The narrow strips of land also help buffer some of the ferocity of hurricanes and nor’easters before they reach shore and cause erosion and flooding.
“By having these, they can prevent storm damage from being quite as extreme,” Zinnert said.
Barrier islands are made of sand, subjecting them to the whims of winds, waves and tides. They naturally morph over time.
The biggest threats to the islands are climate change and human development, which accelerate those changes.
Building along barrier island shorelines – such as on the Outer Banks — contributes to erosion by preventing sand from moving freely.
“Without natural island migration, dunes frequently erode and need to be rebuilt every few years,” Zinnert’s team wrote in a recent scientific paper designed for young readers. “This process is incredibly expensive and affects animal communities along the sea floor by disturbing and destroying their habitats."
Sea level rise driven by climate change increases the amount of water that washes onto the islands and causes them to move faster. Rising temperatures also impact where and how well plants grow, which in turn affects the formation of sand dunes.
Researchers at William & Mary’s Virginia Institute of Marine Science recently found that losing land on Virginia’s barrier islands rapidly releases carbon dioxide that was naturally stored in lagoons and peat deposits.
They said the Virginia chain has now “flipped from a carbon sink to a carbon source,” releasing more carbon each year than it captures.
The importance of dunes
Zinnert has been researching Virginia’s barrier islands for over a decade. She said each time she visits – even if it’s just weeks or months apart – she sees changes in the landscape.
Her team at VCU is especially interested in sand dunes and the grasses that grow on them, which help create the mounds by trapping in sediment.
The group planted plots of dune grass on Hog Island in the spring. Last week, with the growing season coming to a close, it was time to check on the plots and collect samples to take back to Richmond.
Anne Sciolino, a graduate student focused on coastal plant ecology, said they planted different species of grasses and in different combinations.
The goal is to assess the best strategies for successful growth patterns.
It sounds technical, but Sciolino said dune grasses are important to inland human structures and infrastructure that use them as a protective barrier.
“What people do a lot of times is they’ll plant these grasses to help rebuild the sand dunes,” she said.
“But a lot of times the plantings are not very successful. A lot of times they die. So the goal of this project is to find the best planting design to help the plants survive better, which saves money.”
Elsewhere on the island, Alex Sabo and Ryan Hearl measured land elevation, focusing on spots with high density of dune grass.
By collecting the detailed data on site, Sabo said the researchers can then plug it into computer modeling and see how the dunes develop alongside combinations of plants.

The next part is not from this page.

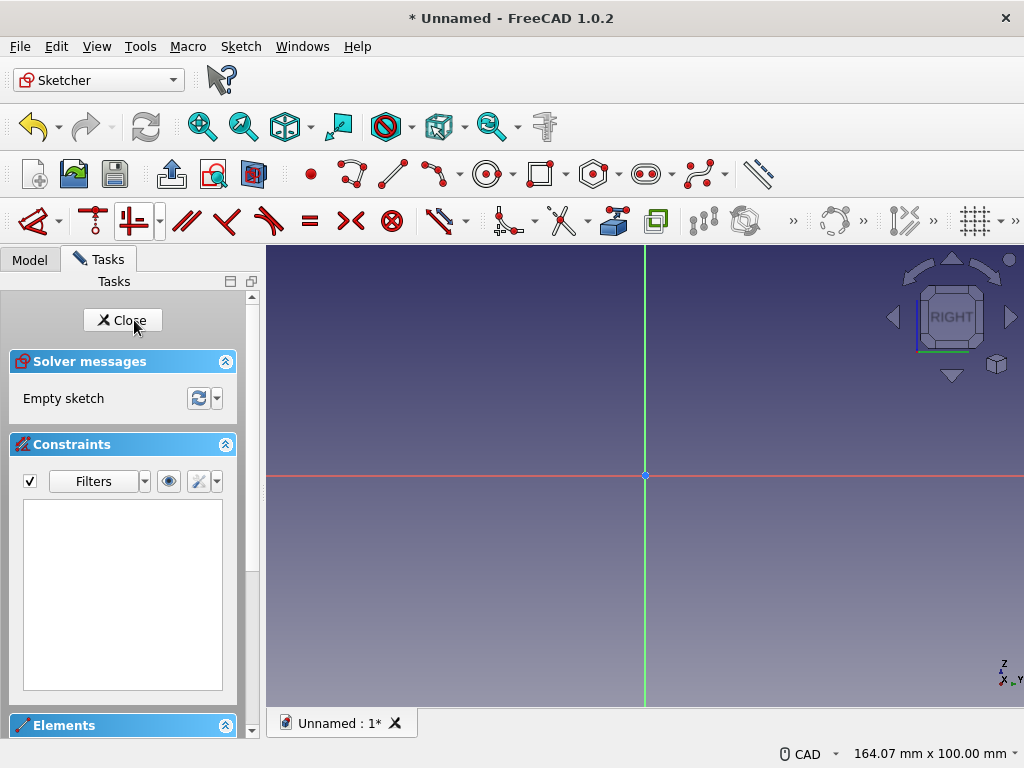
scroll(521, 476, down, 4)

“Virginia Beach, Norfolk, they all have huge dune systems, and we've pretty much built houses right up along the beach in all of these locations,” said Sabo, a recent VCU master’s graduate who now works at VIMS.
“If we can get a better understanding of how these dune grasses grow and shape and interact with one another, we can help better prepare for future changes in the climate system and work in this natural system where we have put lots of human structures.”

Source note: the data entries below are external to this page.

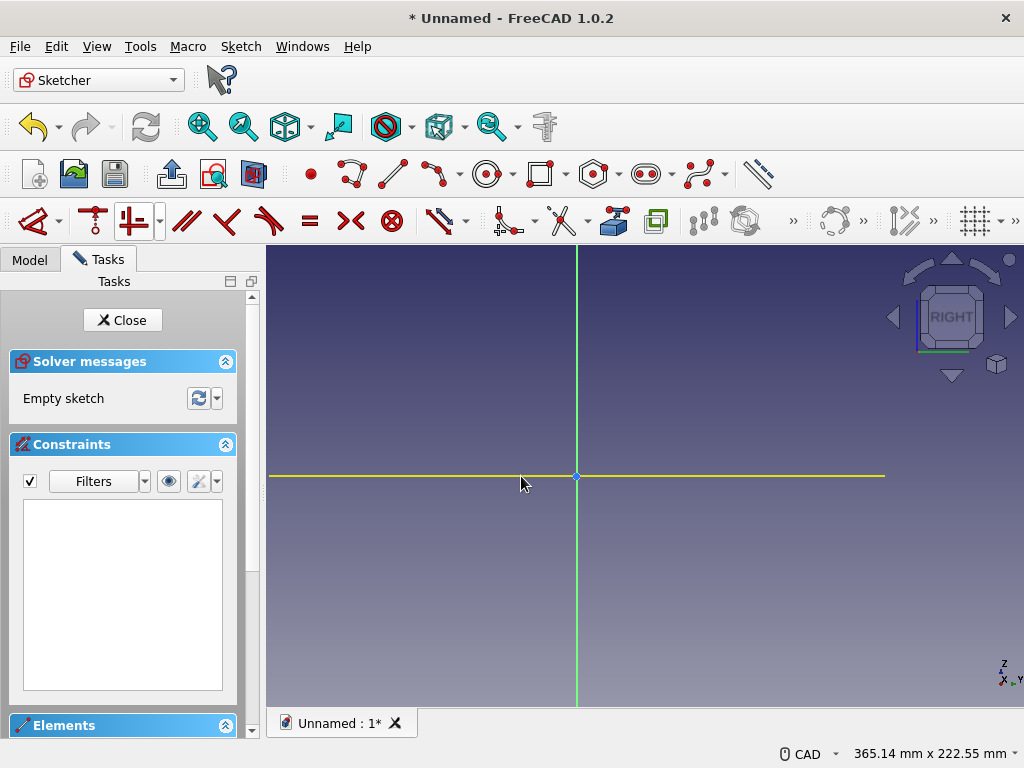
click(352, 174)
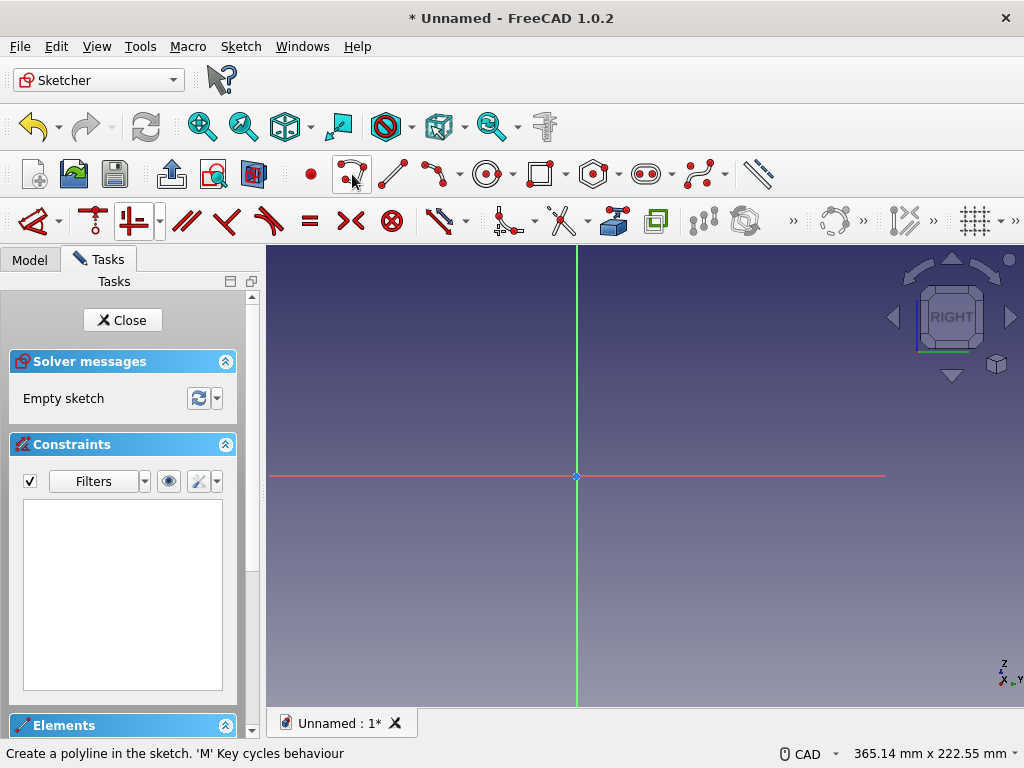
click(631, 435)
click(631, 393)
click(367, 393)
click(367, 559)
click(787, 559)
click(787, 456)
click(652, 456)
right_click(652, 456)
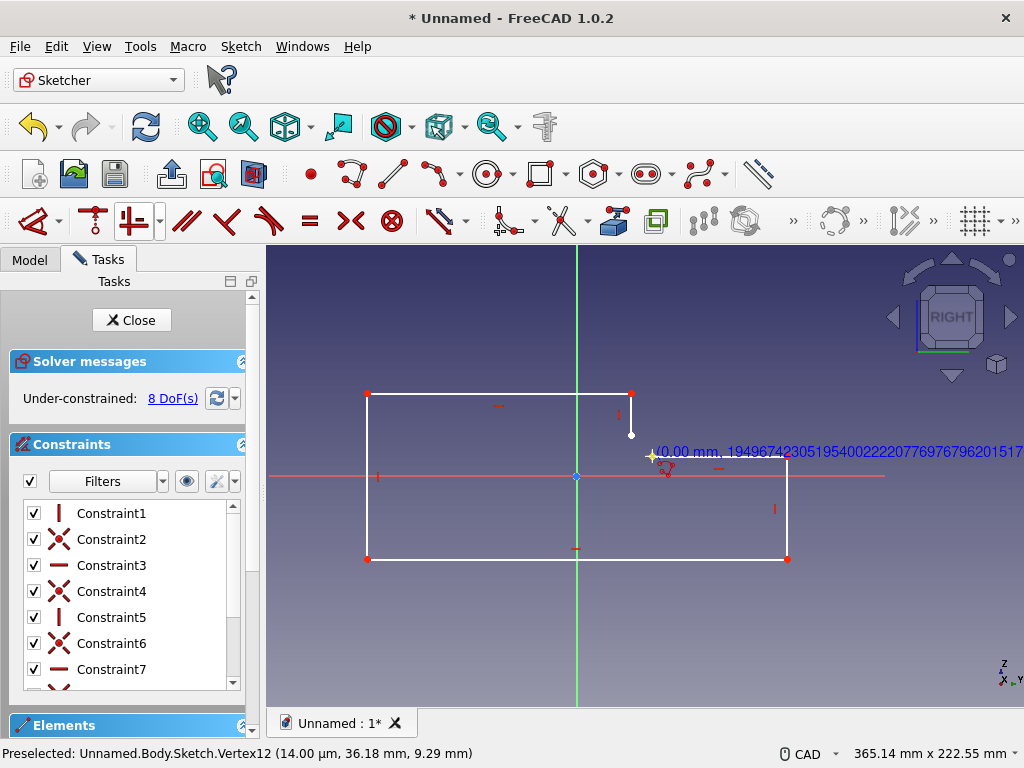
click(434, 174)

Earlier this year, Sabo and Zinnert helped author an article published in the journal Scientific Reports based on Virginia’s barrier islands.
It found that when dunes are lower to the ground, more seawater can flow to the center of the island, altering soil chemistry and how much sediment ultimately accumulates.
They emphasized that it’s important to incorporate research on these dune systems into future predictions of sea level rise.
Zinnert said the goal is to apply what they learn to areas where barrier islands are developed and inhabited, like the Outer Banks.
“How much can you invest in the system to maintain it?” she said. “Versus it turning into Rodanthe, where it's no longer feasible to try to maintain that because it's too costly.”